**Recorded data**

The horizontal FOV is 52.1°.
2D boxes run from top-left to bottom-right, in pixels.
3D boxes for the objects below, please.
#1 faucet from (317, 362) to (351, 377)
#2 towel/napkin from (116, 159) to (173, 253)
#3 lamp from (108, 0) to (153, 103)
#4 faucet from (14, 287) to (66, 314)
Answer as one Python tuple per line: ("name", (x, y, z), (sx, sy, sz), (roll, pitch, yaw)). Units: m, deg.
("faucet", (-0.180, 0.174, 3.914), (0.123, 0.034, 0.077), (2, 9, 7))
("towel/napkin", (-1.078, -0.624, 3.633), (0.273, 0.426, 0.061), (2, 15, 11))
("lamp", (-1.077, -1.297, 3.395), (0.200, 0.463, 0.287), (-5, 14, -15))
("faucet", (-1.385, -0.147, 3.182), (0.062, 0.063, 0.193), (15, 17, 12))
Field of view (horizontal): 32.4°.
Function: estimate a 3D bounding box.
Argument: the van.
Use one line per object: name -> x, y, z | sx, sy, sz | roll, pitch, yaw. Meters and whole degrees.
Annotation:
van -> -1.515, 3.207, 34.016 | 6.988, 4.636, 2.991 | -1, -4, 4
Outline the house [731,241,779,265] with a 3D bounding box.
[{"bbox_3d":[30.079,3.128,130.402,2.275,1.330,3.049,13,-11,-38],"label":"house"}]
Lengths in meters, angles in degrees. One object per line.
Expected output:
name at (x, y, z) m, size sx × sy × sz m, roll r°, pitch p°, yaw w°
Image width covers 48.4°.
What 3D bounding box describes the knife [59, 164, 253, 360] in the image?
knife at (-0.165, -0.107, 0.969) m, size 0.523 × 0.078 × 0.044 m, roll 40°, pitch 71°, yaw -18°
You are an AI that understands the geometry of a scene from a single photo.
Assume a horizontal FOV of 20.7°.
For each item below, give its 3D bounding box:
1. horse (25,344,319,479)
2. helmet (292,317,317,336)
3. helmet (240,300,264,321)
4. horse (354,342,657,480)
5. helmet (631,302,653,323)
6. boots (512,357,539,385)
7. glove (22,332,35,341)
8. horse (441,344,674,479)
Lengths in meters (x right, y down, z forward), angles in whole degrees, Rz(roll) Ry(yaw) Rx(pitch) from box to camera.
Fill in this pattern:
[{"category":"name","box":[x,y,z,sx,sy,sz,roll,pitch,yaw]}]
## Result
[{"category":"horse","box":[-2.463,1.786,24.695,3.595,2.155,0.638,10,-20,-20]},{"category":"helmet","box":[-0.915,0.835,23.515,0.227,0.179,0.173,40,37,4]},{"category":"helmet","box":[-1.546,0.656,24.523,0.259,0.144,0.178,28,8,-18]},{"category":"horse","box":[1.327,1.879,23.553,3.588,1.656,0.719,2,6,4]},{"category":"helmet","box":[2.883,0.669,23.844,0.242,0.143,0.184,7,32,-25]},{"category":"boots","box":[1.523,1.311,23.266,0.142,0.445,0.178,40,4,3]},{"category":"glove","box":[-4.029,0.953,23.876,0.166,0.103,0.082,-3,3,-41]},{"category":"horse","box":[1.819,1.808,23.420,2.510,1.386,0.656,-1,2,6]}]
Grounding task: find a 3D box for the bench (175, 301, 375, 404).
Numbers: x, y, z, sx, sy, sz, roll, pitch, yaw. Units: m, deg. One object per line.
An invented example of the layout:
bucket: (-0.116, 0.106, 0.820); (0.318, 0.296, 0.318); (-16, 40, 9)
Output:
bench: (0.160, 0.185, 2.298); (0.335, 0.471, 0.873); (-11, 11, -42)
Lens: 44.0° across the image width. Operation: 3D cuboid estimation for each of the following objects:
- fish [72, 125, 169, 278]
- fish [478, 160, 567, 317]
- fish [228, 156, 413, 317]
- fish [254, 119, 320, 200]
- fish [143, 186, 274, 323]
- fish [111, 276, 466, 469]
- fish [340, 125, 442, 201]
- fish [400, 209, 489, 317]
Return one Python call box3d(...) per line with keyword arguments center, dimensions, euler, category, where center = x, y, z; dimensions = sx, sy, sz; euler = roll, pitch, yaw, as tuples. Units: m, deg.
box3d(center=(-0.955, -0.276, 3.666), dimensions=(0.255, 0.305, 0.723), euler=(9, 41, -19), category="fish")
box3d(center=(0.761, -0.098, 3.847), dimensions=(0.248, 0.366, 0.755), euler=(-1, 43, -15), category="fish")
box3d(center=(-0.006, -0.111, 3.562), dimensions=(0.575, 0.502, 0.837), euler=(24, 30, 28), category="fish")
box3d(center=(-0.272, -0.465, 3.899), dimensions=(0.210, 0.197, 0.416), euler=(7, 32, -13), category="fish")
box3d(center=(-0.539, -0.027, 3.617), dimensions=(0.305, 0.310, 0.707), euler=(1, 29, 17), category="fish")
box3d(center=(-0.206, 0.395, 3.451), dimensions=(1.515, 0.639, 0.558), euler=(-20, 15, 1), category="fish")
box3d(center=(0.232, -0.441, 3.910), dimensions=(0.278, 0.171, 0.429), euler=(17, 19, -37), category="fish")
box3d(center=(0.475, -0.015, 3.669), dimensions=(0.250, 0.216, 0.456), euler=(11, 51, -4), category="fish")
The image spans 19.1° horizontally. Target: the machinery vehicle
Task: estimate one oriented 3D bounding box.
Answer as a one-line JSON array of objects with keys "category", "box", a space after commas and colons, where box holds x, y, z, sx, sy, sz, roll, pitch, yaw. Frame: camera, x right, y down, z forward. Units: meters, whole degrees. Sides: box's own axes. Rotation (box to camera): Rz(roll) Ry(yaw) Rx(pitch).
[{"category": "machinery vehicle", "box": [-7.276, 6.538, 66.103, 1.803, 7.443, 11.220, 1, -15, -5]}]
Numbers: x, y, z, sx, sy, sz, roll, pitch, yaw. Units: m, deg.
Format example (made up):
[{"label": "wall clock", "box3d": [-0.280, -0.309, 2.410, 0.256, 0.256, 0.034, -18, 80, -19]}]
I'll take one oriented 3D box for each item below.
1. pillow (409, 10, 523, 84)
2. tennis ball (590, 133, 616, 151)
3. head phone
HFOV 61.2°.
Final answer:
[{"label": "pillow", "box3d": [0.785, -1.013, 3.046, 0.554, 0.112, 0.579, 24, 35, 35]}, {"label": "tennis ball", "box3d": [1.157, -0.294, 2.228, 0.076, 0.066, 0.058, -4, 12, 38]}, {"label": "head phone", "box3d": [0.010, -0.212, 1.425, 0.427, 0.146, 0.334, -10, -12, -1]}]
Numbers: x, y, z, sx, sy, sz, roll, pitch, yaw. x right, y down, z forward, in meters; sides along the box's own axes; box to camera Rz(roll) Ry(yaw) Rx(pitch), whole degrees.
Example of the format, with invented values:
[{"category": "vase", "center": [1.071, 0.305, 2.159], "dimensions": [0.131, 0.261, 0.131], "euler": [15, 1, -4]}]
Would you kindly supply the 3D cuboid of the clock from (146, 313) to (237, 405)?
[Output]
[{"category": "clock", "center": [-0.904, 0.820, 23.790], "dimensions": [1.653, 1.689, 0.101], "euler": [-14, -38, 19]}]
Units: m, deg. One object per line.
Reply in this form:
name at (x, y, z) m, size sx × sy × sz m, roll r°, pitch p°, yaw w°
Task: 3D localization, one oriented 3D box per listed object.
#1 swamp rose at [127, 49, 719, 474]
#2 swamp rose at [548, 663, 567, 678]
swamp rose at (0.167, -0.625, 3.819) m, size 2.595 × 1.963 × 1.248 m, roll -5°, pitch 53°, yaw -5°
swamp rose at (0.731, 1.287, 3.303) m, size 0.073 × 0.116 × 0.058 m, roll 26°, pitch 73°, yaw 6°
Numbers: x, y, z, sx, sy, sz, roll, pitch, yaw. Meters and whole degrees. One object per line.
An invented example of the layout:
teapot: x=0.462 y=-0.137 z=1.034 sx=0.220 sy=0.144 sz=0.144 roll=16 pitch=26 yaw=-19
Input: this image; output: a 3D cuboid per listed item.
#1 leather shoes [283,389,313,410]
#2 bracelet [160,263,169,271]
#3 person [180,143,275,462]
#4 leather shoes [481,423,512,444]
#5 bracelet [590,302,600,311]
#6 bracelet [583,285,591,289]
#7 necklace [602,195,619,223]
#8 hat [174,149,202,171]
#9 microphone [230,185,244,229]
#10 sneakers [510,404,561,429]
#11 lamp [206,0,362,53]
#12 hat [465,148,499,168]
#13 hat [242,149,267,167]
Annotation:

**Assigned task**
In the records, find every line that has the string "bracelet" and copy it.

**Exercise response**
#2 bracelet [160,263,169,271]
#5 bracelet [590,302,600,311]
#6 bracelet [583,285,591,289]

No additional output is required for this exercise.